» Assignment: From the listing below, output only the lines starting at the line that has "789, 1122, 847]" and ending at the line that has "text > [119, 386, 1122, 424]", exactly as they appear, ends included.

» Supplied entries:
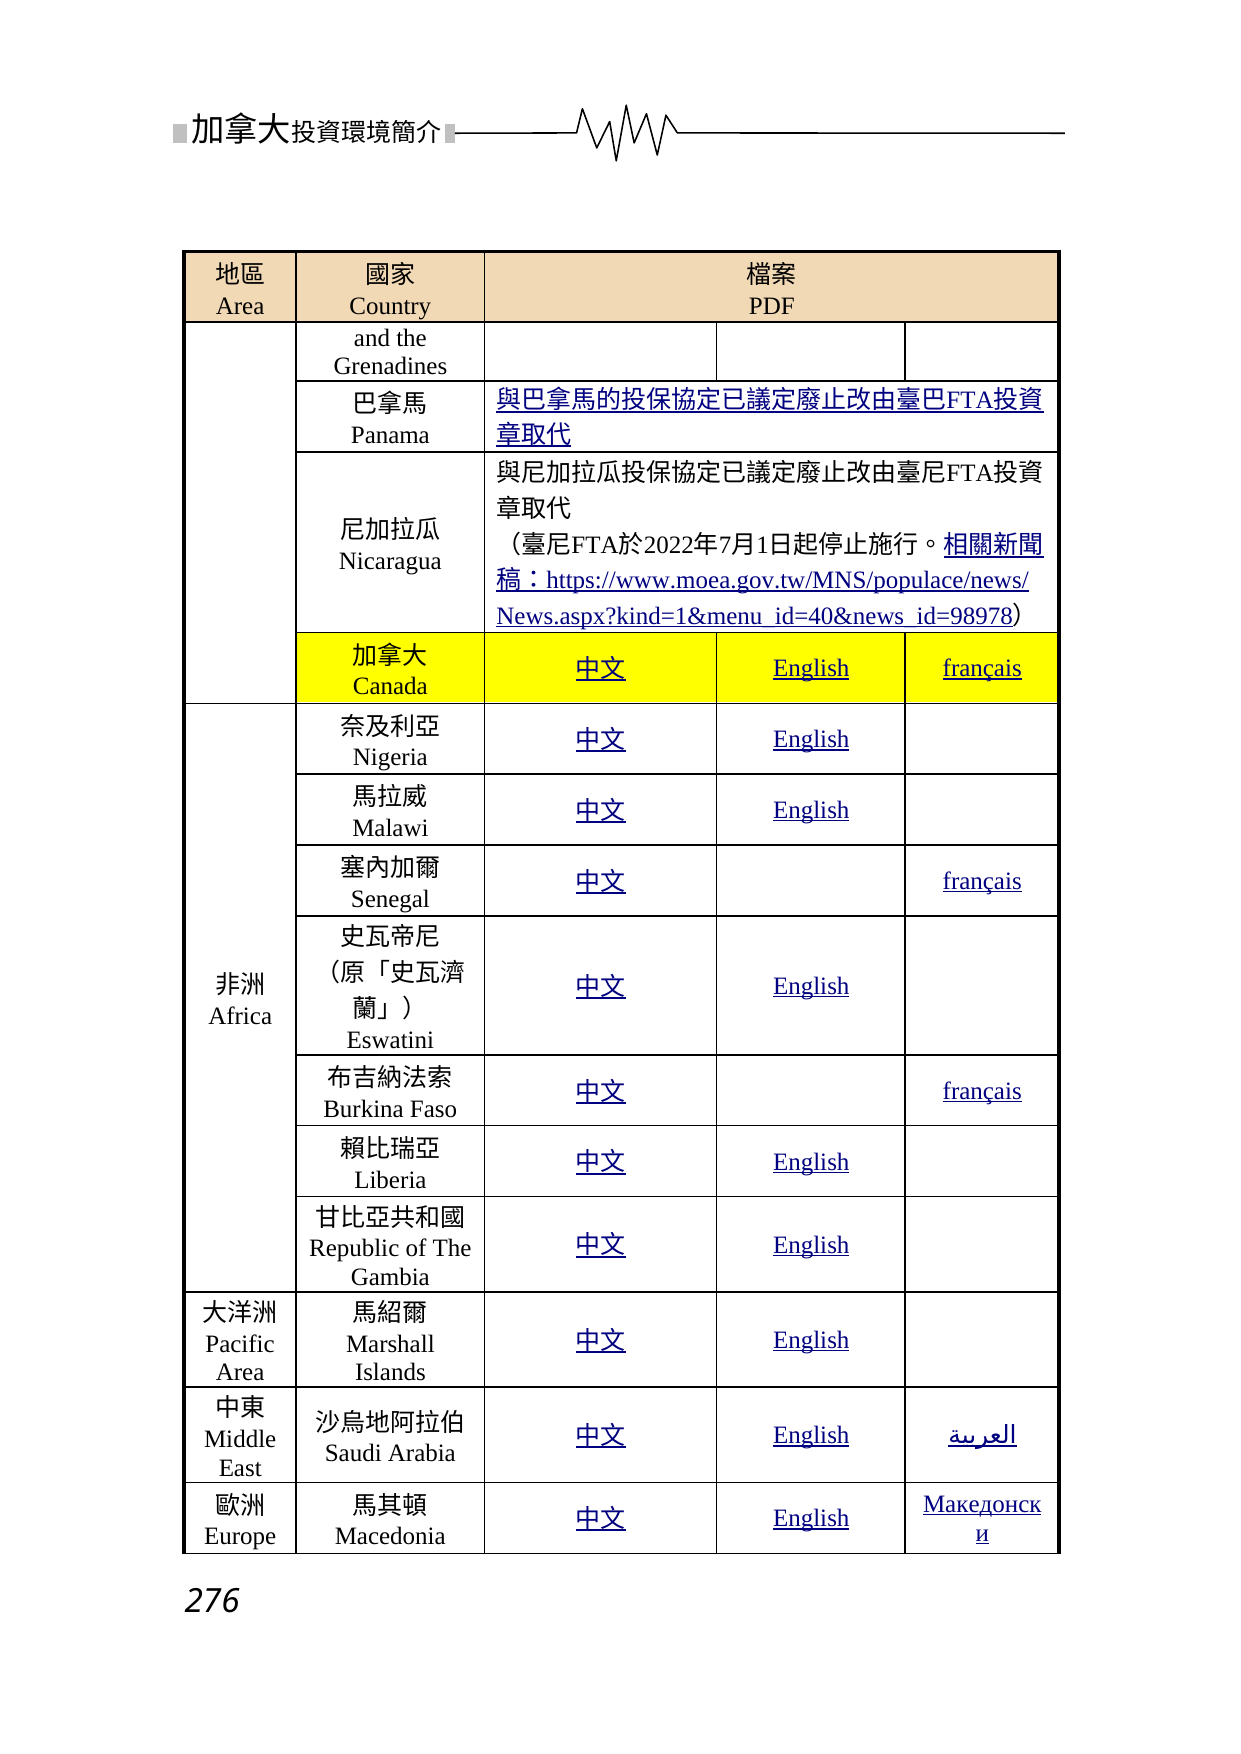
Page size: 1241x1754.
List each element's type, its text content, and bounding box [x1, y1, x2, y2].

table_cell 中文 [485, 1126, 716, 1196]
table_cell [717, 1056, 904, 1125]
table_cell 中文 [485, 917, 716, 1054]
table_header 地區 Area [186, 253, 295, 321]
table_cell 中文 [485, 704, 716, 773]
table_cell English [717, 775, 904, 844]
table_cell 中文 [485, 1056, 716, 1125]
table_cell 與巴拿馬的投保協定已議定廢止改由臺巴FTA投資章取代 [485, 382, 1057, 451]
table_cell 甘比亞共和國 Republic of The Gambia [297, 1197, 484, 1291]
table_cell 中文 [485, 1197, 716, 1291]
table_cell 巴拿馬 Panama [297, 382, 484, 451]
table_header 國家 Country [297, 253, 484, 321]
table_cell English [717, 1388, 904, 1482]
table_header 檔案 PDF [485, 253, 1057, 321]
table_cell 沙烏地阿拉伯 Saudi Arabia [297, 1388, 484, 1482]
table_cell 歐洲 Europe [186, 1483, 295, 1552]
table_cell English [717, 704, 904, 773]
table_cell [906, 1197, 1057, 1291]
table_cell English [717, 917, 904, 1054]
table_cell English [717, 1126, 904, 1196]
table_cell English [717, 1197, 904, 1291]
table_cell 馬紹爾 Marshall Islands [297, 1293, 484, 1386]
table_cell 中東 Middle East [186, 1388, 295, 1482]
table_cell 非洲 Africa [186, 704, 295, 1291]
table_cell العربية [906, 1388, 1057, 1482]
table_cell français [906, 1056, 1057, 1125]
table_cell 中文 [485, 633, 716, 702]
table_cell 大洋洲 Pacific Area [186, 1293, 295, 1386]
table_cell 中文 [485, 1388, 716, 1482]
table_cell [717, 323, 904, 380]
table_cell 中文 [485, 775, 716, 844]
table_cell français [906, 846, 1057, 915]
table_cell and the Grenadines [297, 323, 484, 380]
table_cell Македонски [906, 1483, 1057, 1552]
table_cell English [717, 1483, 904, 1552]
table_cell [906, 775, 1057, 844]
table_cell 加拿大 Canada [297, 633, 484, 702]
table_cell français [906, 633, 1057, 702]
table_cell [906, 917, 1057, 1054]
table_cell 中文 [485, 1483, 716, 1552]
table_cell 布吉納法索 Burkina Faso [297, 1056, 484, 1125]
table_cell English [717, 1293, 904, 1386]
table_cell 中文 [485, 846, 716, 915]
table_cell [485, 323, 716, 380]
table_cell 與尼加拉瓜投保協定已議定廢止改由臺尼FTA投資章取代 （臺尼FTA於2022年7月1日起停止施行。相關新聞稿：https://www.moea.gov.tw/MNS/populace/news/News.aspx?kind=1&menu_id=40&news_id=98978） [485, 453, 1057, 632]
table_cell 中文 [485, 1293, 716, 1386]
table_cell 馬拉威 Malawi [297, 775, 484, 844]
table_cell 塞內加爾 Senegal [297, 846, 484, 915]
table_cell [186, 323, 295, 702]
table_cell [906, 1126, 1057, 1196]
table_cell 史瓦帝尼 （原「史瓦濟蘭」） Eswatini [297, 917, 484, 1054]
table_cell 尼加拉瓜 Nicaragua [297, 453, 484, 632]
table_cell [906, 323, 1057, 380]
table_cell 馬其頓 Macedonia [297, 1483, 484, 1552]
table_cell [717, 846, 904, 915]
table_cell English [717, 633, 904, 702]
table_cell 賴比瑞亞 Liberia [297, 1126, 484, 1196]
table_cell [906, 704, 1057, 773]
table_cell [906, 1293, 1057, 1386]
table_cell 奈及利亞 Nigeria [297, 704, 484, 773]
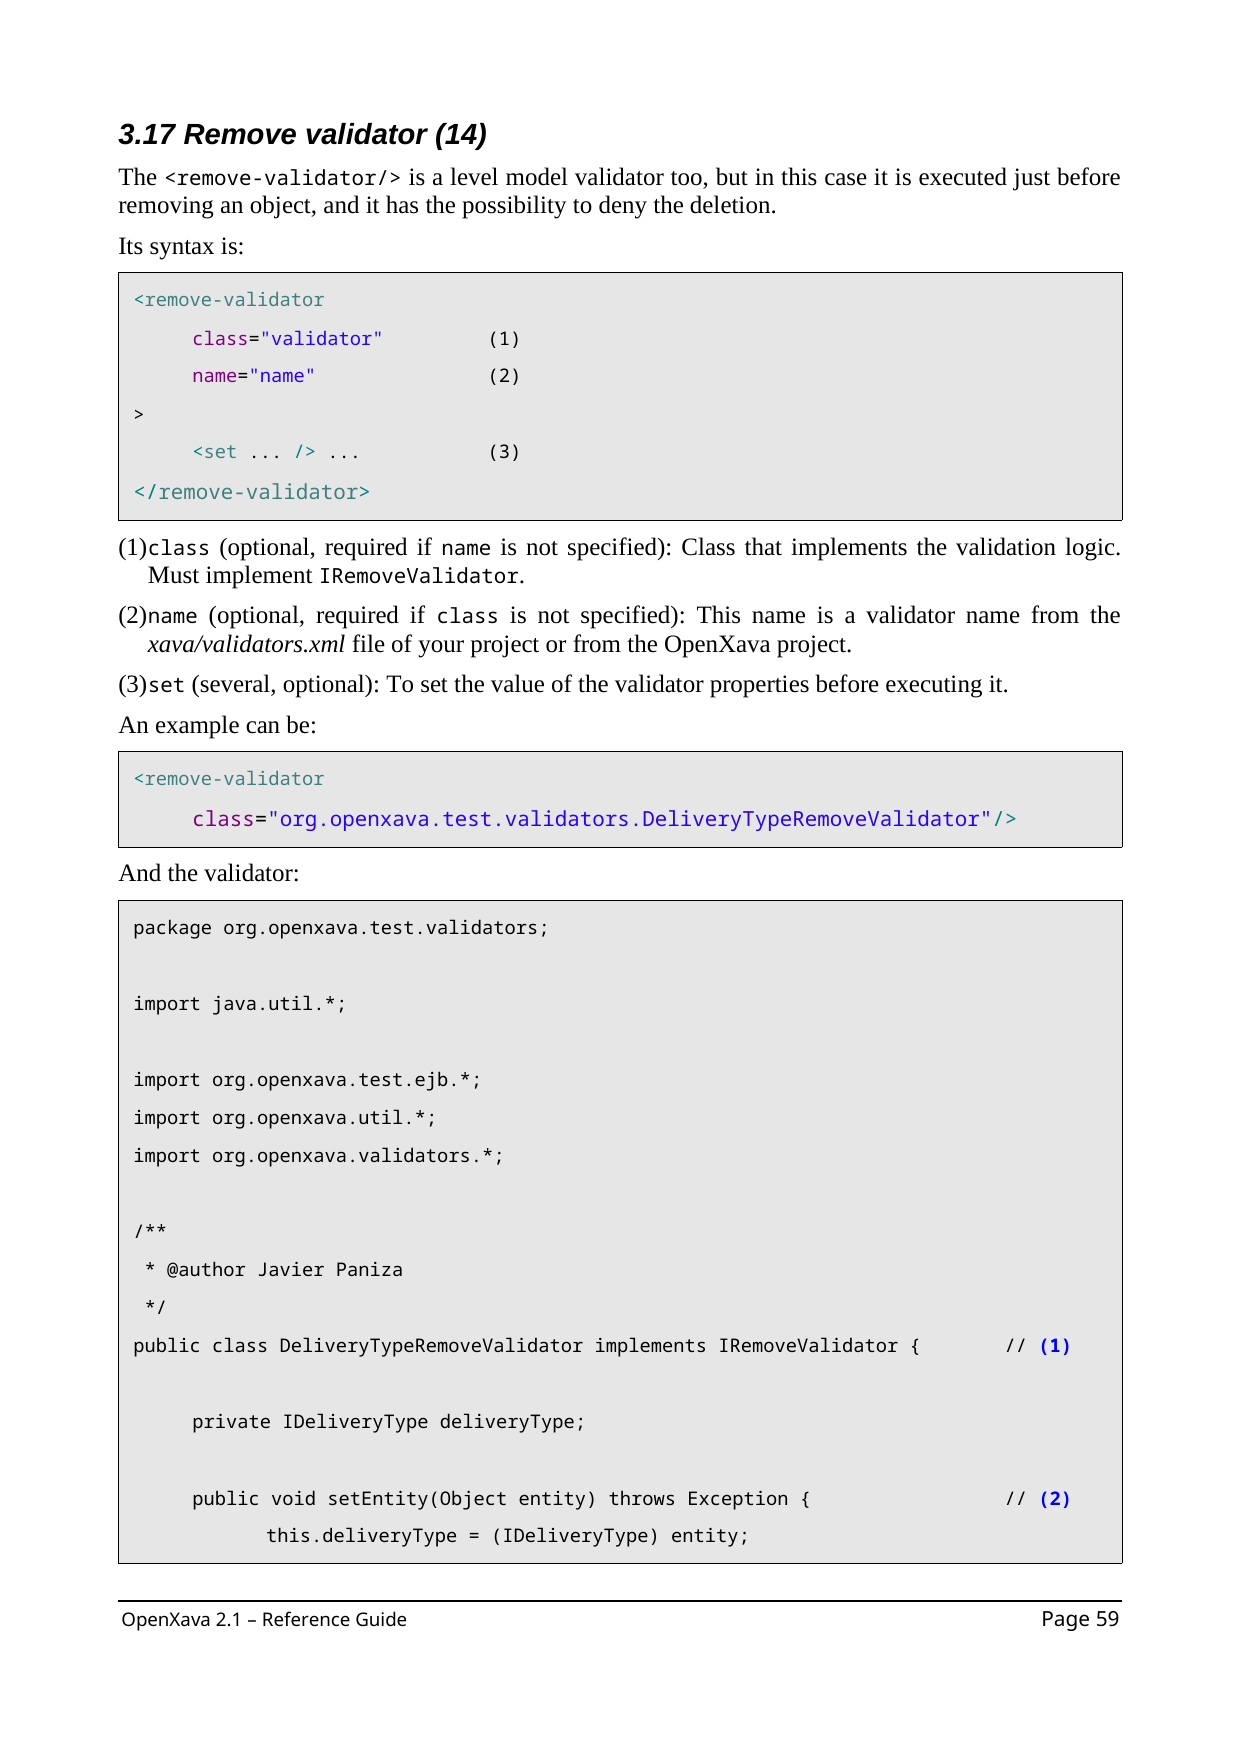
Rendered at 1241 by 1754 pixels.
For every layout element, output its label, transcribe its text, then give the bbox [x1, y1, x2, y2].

text The <remove-validator/> is a level model validator too, but in this case it is executed just before removing an object, and it has the possibility to deny the deletion. [118, 163, 1122, 219]
text <remove-validator [119, 752, 1122, 789]
text package org.openxava.test.validators; [119, 901, 1122, 938]
list name (optional, required if class is not specified): This name is a validator name from the xava/validators.xml file of your project or from the OpenXava project. [118, 602, 1122, 657]
list set (several, optional): To set the value of the validator properties before executing it. [118, 670, 1122, 698]
text this.deliveryType = (IDeliveryType) entity; [119, 1508, 1122, 1563]
text public class DeliveryTypeRemoveValidator implements IRemoveValidator { // (1) [119, 1318, 1122, 1356]
text /** [119, 1204, 1122, 1242]
text class="validator" (1) [119, 310, 1122, 348]
subtitle Remove validator (14) [118, 118, 1122, 151]
text name="name" (2) [119, 348, 1122, 386]
text class="org.openxava.test.validators.DeliveryTypeRemoveValidator"/> [119, 789, 1122, 847]
text </remove-validator> [119, 462, 1122, 520]
text An example can be: [118, 711, 1122, 738]
text Its syntax is: [118, 232, 1122, 259]
text And the validator: [118, 859, 1122, 887]
text <set ... /> ... (3) [119, 424, 1122, 462]
text private IDeliveryType deliveryType; [119, 1394, 1122, 1432]
text <remove-validator [119, 273, 1122, 310]
text import java.util.*; [119, 976, 1122, 1014]
text public void setEntity(Object entity) throws Exception { // (2) [119, 1470, 1122, 1508]
text import org.openxava.validators.*; [119, 1128, 1122, 1166]
text * @author Javier Paniza [119, 1242, 1122, 1280]
text > [119, 386, 1122, 424]
list class (optional, required if name is not specified): Class that implements the validation logic. Must implement IRemoveValidator. [118, 533, 1122, 589]
text import org.openxava.util.*; [119, 1090, 1122, 1128]
text import org.openxava.test.ejb.*; [119, 1052, 1122, 1090]
text */ [119, 1280, 1122, 1318]
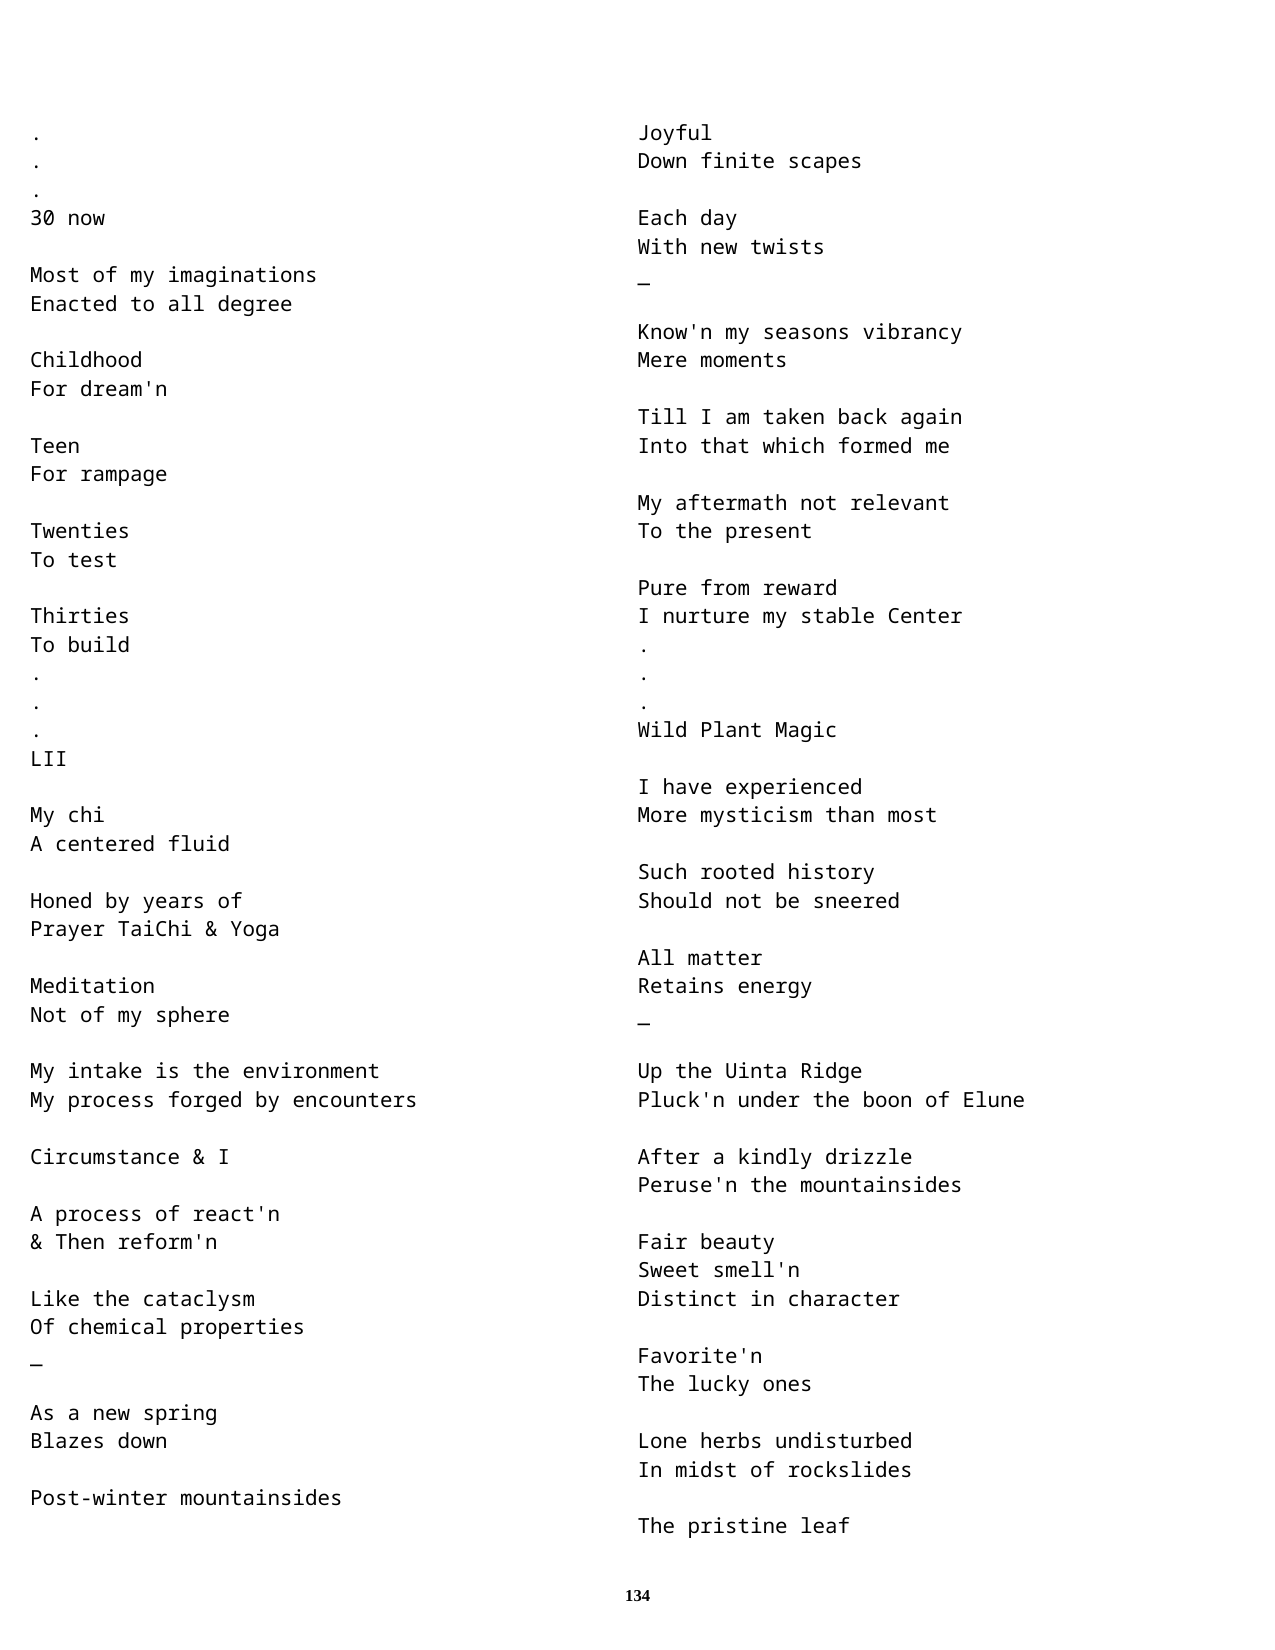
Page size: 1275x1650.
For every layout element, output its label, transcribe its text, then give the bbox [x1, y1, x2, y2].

text The pristine leaf [637, 1512, 1245, 1540]
text Teen [30, 431, 637, 459]
text 30 now [30, 203, 637, 232]
text Meditation [30, 971, 637, 1000]
text Pure from reward [637, 573, 1245, 602]
text My intake is the environment [30, 1057, 637, 1085]
text Most of my imaginations [30, 260, 637, 289]
text As a new spring [30, 1398, 637, 1426]
text . [30, 687, 637, 715]
text To test [30, 545, 637, 573]
text . [30, 175, 637, 203]
text For rampage [30, 459, 637, 488]
text _ [637, 1000, 1245, 1028]
text For dream'n [30, 374, 637, 402]
text Not of my sphere [30, 1000, 637, 1028]
text Lone herbs undisturbed [637, 1426, 1245, 1455]
text Blazes down [30, 1426, 637, 1455]
text Into that which formed me [637, 431, 1245, 459]
text Each day [637, 203, 1245, 232]
text After a kindly drizzle [637, 1142, 1245, 1170]
text I have experienced [637, 772, 1245, 801]
text More mysticism than most [637, 801, 1245, 829]
text The lucky ones [637, 1369, 1245, 1398]
text Childhood [30, 346, 637, 374]
text A process of react'n [30, 1199, 637, 1227]
text Know'n my seasons vibrancy [637, 317, 1245, 346]
text With new twists [637, 232, 1245, 260]
text . [637, 658, 1245, 687]
text . [637, 687, 1245, 715]
text Retains energy [637, 971, 1245, 1000]
text All matter [637, 943, 1245, 971]
text Should not be sneered [637, 886, 1245, 914]
text My chi [30, 801, 637, 829]
text Enacted to all degree [30, 289, 637, 317]
text Wild Plant Magic [637, 715, 1245, 744]
text Thirties [30, 602, 637, 630]
text To the present [637, 516, 1245, 545]
text Favorite'n [637, 1341, 1245, 1369]
text Of chemical properties [30, 1312, 637, 1341]
text Up the Uinta Ridge [637, 1057, 1245, 1085]
text Twenties [30, 516, 637, 545]
text A centered fluid [30, 829, 637, 857]
text . [30, 658, 637, 687]
text My process forged by encounters [30, 1085, 637, 1113]
text _ [637, 260, 1245, 289]
text Such rooted history [637, 857, 1245, 886]
text Down finite scapes [637, 147, 1245, 175]
text Like the cataclysm [30, 1284, 637, 1312]
text . [30, 118, 637, 147]
text Prayer TaiChi & Yoga [30, 914, 637, 943]
text LII [30, 744, 637, 772]
text Distinct in character [637, 1284, 1245, 1312]
text Till I am taken back again [637, 402, 1245, 431]
text Circumstance & I [30, 1142, 637, 1170]
text . [30, 715, 637, 744]
text Post-winter mountainsides [30, 1483, 637, 1512]
text Fair beauty [637, 1227, 1245, 1256]
text Joyful [637, 118, 1245, 147]
text In midst of rockslides [637, 1455, 1245, 1483]
text My aftermath not relevant [637, 488, 1245, 516]
text . [637, 630, 1245, 658]
text Honed by years of [30, 886, 637, 914]
text Pluck'n under the boon of Elune [637, 1085, 1245, 1113]
text _ [30, 1341, 637, 1369]
text Peruse'n the mountainsides [637, 1170, 1245, 1199]
text Mere moments [637, 346, 1245, 374]
text To build [30, 630, 637, 658]
text & Then reform'n [30, 1227, 637, 1256]
text . [30, 147, 637, 175]
text Sweet smell'n [637, 1256, 1245, 1284]
text I nurture my stable Center [637, 602, 1245, 630]

» Answer section:
text class="org.openxava.test.validators.DeliveryTypeRemoveValidator"/> [119, 789, 1122, 847]
text </remove-validator> [119, 462, 1122, 520]
text An example can be: [118, 711, 1122, 738]
text Its syntax is: [118, 232, 1122, 259]
text And the validator: [118, 859, 1122, 887]
text <set ... /> ... (3) [119, 424, 1122, 462]
text private IDeliveryType deliveryType; [119, 1394, 1122, 1432]
text <remove-validator [119, 273, 1122, 310]
text import java.util.*; [119, 976, 1122, 1014]
text public void setEntity(Object entity) throws Exception { // (2) [119, 1470, 1122, 1508]
text import org.openxava.validators.*; [119, 1128, 1122, 1166]
text * @author Javier Paniza [119, 1242, 1122, 1280]
text > [119, 386, 1122, 424]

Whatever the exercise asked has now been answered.